そう言うとそれまで勇に向けていた拳銃を自分の顎の下に向けると引き金を絞ってしまった。答えの得られないまま、フランクフルトの街は静かに戦闘を終了した。勇は片手を顔の前で立てると黙とうを捧げる。そこに息を荒げた小野里がやってくる。

 

 

 

 

 

 

 

「西方方面軍が到着します!合流しますか?!」

「・・・いいや、合流しては彼らの名誉に関わる。この事件はなかったことにする必要がある。そうだな、小野里?」

 

 

 

 

 

 

 

小野里に強い目線を送る。それを聞いたヴィットマンは急いで戦車に乗りどこかへ消えてしまった。その光景を見ていた第7軍の兵士までも降伏したケッセルリンクやシュベルマンの部下らを迎合して証拠を隠滅することに加担し始めた。この場のだれもがこれ以上の失態を良しとしない姿勢の表れだった。小野里は溜息を吐くと勇の意見を尊重する。

 

 

 

 

 

 

「はあ、勇中佐がそれでいいなら私に異論はありませんよ」

「すまない小野里・・・」

「いいえ、でもまた逃亡生活ですか」

 

 

 

 

 

 

荷物を颯爽と背負い、ロンメルたちにかち合わないように反対方面に逃げ足を向けると、不思議と周りの兵士たちは敬礼を捧げていた。無言の見送りは勇の姿が見えなくなるまで続いていたのだった。

 

 

 

 

 

 

 

 

 

 

 

 

 




いかがでしたでしょうか。今回の話でフランクフルト攻防戦はおしまいになります。スパイもののはずがどうしてこうなった・・・さて、勇くんと小野里の冒険はまだ続きますが、そろそろ勇くん以外にも視点を当てて外部の苦悩にも焦点を当てて見ようと思います。ということで次回は勇くんによって翻弄される501について描いていきたいと思います!どうぞよろしくお願いいたします。

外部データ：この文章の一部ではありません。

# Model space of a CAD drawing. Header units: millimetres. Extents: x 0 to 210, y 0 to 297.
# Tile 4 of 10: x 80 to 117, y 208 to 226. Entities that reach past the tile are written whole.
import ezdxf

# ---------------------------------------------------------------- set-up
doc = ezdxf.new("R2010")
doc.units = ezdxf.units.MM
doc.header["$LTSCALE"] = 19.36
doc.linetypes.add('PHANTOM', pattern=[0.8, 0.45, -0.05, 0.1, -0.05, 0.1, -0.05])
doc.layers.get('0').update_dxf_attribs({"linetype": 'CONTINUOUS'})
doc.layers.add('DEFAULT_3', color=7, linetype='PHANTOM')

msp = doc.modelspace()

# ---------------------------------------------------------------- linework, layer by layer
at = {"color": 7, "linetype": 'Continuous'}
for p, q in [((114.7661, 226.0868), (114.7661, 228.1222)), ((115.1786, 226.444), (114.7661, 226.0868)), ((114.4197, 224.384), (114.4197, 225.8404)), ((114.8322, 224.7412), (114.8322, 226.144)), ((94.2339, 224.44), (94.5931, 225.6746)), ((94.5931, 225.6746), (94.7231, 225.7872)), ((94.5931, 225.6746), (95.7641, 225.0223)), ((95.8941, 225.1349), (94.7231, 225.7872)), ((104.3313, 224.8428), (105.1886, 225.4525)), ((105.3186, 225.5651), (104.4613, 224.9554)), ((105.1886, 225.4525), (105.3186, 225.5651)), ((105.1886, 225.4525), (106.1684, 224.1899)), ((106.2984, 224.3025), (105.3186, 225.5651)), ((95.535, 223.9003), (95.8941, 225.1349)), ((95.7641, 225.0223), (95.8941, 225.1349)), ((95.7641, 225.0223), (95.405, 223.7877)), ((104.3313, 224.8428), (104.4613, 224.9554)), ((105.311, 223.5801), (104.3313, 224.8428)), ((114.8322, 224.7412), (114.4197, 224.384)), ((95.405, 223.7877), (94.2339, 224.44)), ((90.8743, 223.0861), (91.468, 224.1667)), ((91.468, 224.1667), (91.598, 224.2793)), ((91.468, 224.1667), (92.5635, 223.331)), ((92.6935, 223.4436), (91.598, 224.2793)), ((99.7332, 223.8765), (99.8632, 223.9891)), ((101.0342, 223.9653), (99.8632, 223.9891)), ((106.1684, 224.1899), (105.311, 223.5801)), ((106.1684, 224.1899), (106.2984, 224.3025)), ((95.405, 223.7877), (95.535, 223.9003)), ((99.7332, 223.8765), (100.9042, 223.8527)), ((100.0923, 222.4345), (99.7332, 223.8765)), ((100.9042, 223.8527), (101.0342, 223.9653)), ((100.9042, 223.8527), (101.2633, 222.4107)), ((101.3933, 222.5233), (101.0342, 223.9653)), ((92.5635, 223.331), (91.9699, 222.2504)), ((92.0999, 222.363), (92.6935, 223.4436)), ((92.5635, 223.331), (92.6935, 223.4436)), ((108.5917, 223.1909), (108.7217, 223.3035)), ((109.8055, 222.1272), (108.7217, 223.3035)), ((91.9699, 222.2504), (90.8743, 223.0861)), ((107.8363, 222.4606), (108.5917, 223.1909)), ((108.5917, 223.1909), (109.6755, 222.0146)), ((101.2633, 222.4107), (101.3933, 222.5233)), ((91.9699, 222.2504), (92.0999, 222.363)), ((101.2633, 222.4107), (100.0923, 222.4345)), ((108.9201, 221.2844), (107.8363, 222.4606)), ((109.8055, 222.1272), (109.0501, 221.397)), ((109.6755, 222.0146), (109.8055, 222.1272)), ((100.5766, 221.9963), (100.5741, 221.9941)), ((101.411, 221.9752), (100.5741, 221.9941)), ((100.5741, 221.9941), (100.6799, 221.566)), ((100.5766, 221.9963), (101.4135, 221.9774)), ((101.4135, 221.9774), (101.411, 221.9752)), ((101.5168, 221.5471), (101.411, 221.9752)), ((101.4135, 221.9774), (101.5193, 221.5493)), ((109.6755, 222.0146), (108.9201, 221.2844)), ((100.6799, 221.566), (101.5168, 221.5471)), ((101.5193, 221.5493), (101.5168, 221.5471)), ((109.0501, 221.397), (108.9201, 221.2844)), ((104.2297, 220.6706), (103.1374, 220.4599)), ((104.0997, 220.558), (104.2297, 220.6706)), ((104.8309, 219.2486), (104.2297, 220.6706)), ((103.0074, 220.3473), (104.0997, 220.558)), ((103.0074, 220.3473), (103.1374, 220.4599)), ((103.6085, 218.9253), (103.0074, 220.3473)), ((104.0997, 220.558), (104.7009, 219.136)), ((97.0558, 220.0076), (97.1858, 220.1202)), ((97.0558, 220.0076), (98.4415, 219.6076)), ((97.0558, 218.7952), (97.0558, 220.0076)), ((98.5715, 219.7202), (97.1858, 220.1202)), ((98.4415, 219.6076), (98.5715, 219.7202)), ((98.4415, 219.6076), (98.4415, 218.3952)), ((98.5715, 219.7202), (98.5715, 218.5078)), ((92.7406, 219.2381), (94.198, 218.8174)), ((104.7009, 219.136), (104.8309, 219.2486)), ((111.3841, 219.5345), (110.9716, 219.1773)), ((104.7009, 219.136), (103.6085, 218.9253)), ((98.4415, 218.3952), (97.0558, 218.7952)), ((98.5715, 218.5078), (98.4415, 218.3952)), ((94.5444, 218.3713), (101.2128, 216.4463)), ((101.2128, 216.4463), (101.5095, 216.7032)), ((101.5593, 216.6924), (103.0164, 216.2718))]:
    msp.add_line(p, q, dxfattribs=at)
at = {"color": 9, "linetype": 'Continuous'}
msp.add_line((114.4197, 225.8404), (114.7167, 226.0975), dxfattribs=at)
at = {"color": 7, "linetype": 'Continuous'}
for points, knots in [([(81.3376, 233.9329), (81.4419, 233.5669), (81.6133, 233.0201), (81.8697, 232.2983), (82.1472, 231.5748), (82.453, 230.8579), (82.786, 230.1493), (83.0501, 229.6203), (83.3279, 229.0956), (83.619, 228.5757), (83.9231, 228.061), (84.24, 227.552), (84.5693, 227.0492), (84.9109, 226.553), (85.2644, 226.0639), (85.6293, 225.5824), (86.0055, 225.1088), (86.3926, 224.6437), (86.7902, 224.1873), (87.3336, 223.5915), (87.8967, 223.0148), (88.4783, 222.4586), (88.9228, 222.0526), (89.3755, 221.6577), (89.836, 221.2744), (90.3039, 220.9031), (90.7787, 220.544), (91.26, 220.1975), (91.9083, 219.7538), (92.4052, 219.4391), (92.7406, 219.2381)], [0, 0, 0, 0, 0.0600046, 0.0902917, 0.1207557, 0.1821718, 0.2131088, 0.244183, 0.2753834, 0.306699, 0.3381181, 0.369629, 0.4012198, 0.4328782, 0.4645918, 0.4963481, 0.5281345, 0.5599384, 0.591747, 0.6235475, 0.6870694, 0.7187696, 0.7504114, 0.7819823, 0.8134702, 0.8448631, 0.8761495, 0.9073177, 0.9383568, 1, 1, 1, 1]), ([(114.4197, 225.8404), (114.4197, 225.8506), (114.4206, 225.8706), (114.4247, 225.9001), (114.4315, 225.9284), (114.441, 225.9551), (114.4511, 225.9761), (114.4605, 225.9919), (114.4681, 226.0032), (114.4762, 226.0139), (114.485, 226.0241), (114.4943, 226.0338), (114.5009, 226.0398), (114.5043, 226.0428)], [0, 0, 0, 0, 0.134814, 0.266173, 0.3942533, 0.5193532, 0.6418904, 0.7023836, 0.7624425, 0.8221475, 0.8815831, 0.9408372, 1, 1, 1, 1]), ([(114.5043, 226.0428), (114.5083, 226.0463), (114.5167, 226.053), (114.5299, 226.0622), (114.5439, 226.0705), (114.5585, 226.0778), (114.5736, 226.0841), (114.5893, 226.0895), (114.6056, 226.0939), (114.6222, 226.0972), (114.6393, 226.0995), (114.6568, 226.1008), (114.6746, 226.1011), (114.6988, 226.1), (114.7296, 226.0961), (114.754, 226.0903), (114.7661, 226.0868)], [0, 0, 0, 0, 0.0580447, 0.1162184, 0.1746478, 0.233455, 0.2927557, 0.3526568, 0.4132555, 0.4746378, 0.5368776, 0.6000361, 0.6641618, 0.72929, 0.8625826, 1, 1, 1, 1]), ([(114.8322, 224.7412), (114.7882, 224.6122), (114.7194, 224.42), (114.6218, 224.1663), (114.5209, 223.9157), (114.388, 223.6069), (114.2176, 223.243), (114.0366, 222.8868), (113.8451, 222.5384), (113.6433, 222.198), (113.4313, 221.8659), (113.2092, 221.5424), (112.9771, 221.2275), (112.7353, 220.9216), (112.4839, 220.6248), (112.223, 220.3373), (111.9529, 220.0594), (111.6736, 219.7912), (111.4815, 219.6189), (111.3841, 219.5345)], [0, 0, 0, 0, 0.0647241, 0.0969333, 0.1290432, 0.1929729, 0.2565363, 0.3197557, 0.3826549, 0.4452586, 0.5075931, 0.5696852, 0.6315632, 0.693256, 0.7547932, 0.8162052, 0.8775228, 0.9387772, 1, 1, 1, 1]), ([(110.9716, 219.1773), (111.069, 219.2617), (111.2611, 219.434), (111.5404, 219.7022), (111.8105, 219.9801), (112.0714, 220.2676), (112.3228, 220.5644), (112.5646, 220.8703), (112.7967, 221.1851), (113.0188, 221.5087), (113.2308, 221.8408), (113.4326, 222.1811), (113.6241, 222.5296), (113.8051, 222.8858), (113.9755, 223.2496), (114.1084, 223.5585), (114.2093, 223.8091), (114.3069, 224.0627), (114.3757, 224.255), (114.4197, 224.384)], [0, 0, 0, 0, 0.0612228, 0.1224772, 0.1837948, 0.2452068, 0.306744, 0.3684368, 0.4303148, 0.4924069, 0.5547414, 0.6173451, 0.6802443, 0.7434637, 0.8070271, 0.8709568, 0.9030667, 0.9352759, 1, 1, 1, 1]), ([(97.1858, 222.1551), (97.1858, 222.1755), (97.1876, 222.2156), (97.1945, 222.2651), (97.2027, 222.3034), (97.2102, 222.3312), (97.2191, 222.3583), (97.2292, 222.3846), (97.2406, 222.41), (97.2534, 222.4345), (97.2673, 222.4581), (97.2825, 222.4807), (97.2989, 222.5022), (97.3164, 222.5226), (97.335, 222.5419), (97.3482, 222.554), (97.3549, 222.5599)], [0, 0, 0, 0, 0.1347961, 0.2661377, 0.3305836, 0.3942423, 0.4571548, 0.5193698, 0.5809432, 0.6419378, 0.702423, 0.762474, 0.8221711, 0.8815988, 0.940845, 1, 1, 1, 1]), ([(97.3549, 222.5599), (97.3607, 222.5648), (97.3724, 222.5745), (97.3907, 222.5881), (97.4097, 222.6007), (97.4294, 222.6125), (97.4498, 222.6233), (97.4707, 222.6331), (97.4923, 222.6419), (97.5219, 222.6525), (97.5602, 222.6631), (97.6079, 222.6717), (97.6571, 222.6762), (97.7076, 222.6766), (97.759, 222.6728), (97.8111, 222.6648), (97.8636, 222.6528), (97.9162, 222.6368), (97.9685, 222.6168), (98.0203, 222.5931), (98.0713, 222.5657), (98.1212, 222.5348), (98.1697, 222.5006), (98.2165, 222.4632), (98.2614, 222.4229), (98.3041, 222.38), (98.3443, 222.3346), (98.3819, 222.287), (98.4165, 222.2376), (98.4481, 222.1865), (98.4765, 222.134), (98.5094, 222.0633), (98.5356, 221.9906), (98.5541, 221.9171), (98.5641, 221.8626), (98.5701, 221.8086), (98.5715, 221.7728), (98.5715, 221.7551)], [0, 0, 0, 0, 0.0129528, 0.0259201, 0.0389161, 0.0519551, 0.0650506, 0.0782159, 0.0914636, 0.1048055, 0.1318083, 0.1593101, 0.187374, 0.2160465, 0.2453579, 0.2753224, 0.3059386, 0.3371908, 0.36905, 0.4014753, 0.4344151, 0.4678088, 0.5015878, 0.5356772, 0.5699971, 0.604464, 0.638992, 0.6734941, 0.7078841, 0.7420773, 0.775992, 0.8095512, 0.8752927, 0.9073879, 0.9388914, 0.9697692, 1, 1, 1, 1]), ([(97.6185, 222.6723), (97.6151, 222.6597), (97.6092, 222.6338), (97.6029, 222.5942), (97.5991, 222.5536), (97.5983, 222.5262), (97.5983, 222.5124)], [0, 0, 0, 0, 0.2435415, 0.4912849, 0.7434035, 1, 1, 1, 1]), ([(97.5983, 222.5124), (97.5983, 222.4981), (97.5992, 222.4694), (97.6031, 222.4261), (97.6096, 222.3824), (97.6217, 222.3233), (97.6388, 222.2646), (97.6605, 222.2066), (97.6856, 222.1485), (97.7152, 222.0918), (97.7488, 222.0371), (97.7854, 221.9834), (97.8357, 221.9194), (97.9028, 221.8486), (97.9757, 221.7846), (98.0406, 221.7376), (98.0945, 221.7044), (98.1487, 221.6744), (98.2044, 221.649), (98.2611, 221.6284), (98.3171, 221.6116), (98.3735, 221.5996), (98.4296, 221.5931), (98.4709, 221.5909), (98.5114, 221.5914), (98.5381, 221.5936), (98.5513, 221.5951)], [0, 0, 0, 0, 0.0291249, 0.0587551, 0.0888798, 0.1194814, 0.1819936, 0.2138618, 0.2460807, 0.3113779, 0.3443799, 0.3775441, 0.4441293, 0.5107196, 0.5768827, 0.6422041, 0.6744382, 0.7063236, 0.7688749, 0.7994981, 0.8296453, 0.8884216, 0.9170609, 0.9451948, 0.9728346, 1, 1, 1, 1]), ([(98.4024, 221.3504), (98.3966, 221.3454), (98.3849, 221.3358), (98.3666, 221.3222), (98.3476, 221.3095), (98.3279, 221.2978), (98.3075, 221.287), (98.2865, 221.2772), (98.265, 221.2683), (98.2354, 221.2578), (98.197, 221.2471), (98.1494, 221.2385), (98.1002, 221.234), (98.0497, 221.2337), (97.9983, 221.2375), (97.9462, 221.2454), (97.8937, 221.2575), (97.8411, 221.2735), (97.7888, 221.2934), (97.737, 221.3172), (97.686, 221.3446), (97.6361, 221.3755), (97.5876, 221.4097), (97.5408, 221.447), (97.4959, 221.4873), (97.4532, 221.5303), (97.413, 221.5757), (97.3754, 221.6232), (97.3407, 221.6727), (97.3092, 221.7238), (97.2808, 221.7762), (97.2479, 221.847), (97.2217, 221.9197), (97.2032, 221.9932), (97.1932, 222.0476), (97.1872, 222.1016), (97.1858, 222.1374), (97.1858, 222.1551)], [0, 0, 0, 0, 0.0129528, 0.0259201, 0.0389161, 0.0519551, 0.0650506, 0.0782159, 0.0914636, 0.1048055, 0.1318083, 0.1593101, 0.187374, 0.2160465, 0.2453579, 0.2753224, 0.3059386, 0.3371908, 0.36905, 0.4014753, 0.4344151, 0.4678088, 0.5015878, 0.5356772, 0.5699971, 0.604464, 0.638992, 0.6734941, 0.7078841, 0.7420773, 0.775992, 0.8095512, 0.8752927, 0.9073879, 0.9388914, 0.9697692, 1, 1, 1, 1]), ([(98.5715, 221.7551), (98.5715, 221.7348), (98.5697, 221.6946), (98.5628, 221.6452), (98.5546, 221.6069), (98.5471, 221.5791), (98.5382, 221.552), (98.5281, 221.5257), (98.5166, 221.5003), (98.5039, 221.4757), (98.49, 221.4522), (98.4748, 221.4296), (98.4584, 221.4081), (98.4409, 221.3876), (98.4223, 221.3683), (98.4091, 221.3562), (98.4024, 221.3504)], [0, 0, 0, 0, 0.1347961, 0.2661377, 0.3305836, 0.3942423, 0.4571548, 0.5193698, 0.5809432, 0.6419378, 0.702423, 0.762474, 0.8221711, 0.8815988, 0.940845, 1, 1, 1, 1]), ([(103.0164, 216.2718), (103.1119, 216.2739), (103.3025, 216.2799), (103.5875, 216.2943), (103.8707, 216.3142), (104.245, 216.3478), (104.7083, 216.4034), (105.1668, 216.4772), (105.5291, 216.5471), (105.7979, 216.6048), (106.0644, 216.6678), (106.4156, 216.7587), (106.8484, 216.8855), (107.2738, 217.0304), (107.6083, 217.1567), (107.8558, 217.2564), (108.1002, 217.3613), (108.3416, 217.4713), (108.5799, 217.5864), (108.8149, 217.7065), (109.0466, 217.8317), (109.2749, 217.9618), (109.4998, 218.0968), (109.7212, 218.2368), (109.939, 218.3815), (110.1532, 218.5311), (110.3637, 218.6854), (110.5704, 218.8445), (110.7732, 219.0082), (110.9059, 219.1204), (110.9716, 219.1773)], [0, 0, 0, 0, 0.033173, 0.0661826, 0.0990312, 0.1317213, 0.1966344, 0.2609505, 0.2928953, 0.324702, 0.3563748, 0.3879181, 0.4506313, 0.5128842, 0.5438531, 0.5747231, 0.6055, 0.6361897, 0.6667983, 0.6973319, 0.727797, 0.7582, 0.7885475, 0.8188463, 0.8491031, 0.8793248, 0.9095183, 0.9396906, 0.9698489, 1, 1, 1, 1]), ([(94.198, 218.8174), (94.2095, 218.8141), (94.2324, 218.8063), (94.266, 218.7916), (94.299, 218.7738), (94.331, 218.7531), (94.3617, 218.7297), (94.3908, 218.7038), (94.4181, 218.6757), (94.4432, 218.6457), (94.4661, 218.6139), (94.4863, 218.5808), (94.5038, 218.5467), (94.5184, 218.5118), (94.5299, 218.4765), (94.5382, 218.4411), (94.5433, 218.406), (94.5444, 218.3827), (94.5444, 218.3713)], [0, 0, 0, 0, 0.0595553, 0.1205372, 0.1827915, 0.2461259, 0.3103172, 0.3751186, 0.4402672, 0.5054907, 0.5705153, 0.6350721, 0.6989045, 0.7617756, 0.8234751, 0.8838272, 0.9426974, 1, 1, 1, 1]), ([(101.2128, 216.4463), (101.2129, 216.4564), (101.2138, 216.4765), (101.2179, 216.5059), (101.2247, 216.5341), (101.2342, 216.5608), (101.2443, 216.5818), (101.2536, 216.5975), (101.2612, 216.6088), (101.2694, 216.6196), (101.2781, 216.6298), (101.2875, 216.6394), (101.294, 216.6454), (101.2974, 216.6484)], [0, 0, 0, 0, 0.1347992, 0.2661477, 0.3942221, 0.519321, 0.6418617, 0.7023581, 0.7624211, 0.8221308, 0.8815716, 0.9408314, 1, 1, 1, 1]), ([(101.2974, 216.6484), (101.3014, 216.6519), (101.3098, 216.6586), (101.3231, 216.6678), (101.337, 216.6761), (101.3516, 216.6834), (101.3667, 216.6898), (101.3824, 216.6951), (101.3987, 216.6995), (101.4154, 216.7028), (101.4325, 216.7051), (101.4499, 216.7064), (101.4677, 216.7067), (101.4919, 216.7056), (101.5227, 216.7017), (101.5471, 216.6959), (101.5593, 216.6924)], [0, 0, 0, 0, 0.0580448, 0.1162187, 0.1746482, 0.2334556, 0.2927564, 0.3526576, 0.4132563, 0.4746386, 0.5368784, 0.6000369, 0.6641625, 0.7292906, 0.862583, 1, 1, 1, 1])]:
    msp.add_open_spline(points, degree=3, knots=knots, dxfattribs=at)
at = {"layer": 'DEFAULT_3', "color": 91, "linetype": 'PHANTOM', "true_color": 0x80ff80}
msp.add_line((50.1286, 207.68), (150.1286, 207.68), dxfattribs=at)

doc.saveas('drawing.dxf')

今回の話ですが、なんともシュベルマンが切なくて書いていて同情していました。だれしも自分の行いが正しいと信じていたいこともありますが、視点によって良くも悪くもなることってありますよね。最近自分も気づかされたことがあったのですが、問題は犯してしまった失態をどう挽回していくか、どう反省できるかだと思います。前を向いて頑張っていきましょう!ではまた!